Turing machine that can remember

Question

Special Turing Machine is defined just like standard Turing Machine, only that each step is made according to the content of the tape starting from the left edge to the head position in tape. (The transition function in this case belongs to Q X Γ* -> Q X Γ X {L,R})

Which of the following is true:

A. Every language L has a Turing machine that decides L if and only if there is a special Turing machine that decides L.

B. Every language L has a Turing machine that decides L in a polynomial time if and only if there is an special Turing machine that decides L in a polynomial (input length polynomial).

C. A,B answers are correct.

D. A,B answers are incorrect.

and my question is: the correct answer is D and I can't understand why.

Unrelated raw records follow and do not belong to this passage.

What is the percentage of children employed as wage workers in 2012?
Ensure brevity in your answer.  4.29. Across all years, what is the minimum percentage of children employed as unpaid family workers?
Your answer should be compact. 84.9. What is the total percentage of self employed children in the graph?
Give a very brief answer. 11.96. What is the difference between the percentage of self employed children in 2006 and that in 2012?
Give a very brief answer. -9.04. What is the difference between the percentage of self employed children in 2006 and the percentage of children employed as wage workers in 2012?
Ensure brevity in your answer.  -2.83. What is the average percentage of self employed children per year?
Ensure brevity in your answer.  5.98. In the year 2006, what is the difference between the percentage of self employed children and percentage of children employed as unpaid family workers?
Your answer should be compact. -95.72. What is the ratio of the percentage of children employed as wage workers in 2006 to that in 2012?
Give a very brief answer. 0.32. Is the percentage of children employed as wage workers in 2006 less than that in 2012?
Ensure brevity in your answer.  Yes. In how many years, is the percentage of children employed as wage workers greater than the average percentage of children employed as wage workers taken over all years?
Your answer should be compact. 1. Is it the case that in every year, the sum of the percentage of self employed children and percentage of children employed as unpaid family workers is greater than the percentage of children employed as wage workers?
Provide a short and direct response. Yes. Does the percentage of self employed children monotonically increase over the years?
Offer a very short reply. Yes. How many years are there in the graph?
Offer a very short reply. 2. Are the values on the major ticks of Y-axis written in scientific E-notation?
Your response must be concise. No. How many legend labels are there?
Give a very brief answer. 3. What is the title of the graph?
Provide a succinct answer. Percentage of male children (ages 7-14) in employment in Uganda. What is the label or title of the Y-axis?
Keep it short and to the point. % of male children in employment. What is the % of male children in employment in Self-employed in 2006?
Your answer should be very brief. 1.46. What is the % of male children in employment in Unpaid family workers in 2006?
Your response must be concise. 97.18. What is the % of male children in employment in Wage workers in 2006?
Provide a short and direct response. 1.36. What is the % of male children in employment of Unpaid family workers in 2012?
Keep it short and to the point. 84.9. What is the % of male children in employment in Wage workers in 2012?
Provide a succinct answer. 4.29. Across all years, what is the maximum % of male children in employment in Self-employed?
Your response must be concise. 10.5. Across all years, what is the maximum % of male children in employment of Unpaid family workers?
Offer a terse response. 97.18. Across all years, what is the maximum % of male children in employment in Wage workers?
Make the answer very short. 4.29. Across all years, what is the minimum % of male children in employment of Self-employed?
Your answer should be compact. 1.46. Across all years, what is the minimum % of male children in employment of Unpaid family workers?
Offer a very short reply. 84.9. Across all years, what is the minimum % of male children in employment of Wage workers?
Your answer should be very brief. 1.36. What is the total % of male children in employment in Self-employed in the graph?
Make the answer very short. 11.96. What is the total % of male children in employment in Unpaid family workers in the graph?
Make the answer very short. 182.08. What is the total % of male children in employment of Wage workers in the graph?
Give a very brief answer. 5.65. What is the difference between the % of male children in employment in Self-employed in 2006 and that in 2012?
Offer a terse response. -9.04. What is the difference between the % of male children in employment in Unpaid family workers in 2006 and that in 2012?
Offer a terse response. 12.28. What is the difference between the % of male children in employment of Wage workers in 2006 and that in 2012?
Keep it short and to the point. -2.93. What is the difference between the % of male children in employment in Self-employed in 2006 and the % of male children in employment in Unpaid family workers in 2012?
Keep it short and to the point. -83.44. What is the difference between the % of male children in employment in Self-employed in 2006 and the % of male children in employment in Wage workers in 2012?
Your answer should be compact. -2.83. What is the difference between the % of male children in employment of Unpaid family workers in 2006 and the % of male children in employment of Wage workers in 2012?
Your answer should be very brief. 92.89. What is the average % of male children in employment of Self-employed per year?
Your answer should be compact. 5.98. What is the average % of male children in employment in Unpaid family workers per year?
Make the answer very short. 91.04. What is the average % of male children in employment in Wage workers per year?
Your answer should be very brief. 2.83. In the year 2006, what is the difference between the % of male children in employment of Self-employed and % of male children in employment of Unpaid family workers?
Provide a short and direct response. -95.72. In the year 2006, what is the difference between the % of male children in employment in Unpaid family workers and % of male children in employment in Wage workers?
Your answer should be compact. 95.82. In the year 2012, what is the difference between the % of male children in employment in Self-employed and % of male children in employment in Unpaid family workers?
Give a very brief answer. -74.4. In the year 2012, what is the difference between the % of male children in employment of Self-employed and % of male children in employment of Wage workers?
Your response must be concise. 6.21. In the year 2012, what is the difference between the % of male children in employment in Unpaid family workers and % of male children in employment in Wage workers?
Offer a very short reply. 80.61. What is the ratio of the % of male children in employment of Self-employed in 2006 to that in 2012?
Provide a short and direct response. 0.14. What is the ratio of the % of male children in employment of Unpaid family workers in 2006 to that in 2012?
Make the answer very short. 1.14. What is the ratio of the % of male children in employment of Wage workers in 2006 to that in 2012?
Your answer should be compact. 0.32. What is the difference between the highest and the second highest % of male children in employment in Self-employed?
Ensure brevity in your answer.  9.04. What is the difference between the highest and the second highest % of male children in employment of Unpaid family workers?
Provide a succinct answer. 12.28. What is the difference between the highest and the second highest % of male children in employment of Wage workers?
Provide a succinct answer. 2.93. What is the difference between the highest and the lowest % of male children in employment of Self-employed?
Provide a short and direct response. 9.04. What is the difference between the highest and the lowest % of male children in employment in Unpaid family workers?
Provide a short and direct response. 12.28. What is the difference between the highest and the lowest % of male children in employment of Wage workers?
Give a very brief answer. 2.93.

The answer is: Each language can be decided by a special Turing machine in linear input length time (O(n) when n is the input length). A transition function goes to the right as long as no blank space is seen, and as soon as you see a blank space switches to receiving or rejecting according to the word written on the tape.

My question is: How can I decide whether to reject or accept a word? In other computational models, such as PDA, DFA, we defined the transition function similarly, and no power was added to the model. Why does it seem that power is added to the computational model as a result of the change of the transition function when it comes to Turing machines?

Thanks.

Answer 1

Given any language $L$ there is a special Turing machine $T$ that decides $L$ in polynomial time.

The Turing machine has 3 states: the initial states $q_0$, the accepting state $q_A$ and the rejecting state $q_R$. Let $\Gamma$ be the tape alphabet (including the blank symbol $\varepsilon$), and let $\alpha x$ denote the contents of the tape starting from the left edge to the head position in tape, where $\alpha \in \Gamma^*$ and $x \in \Gamma$. As usual, I am going to assume that the input is written starting from the beginning of the tape and that the head is initially positioned at the beginning of the tape. The transition function $\delta$ is defined as follows:

• $\delta(q_0, \alpha x) = (q_0, x, R)$ if $x \neq \varepsilon$
• $\delta(q_0, \alpha x) = (q_A, x, R)$ if $x = \varepsilon$ and $\alpha \in L$
• $\delta(q_0, \alpha x) = (q_A, x, R)$ if $x = \varepsilon$ and $\alpha \not\in L$

Since there are undecidable languages for regular Turing Machines, this immediately implies that A and B are false.

Answers D and C are unclear. They talk about "both answers" but you are given $4$ possible answers.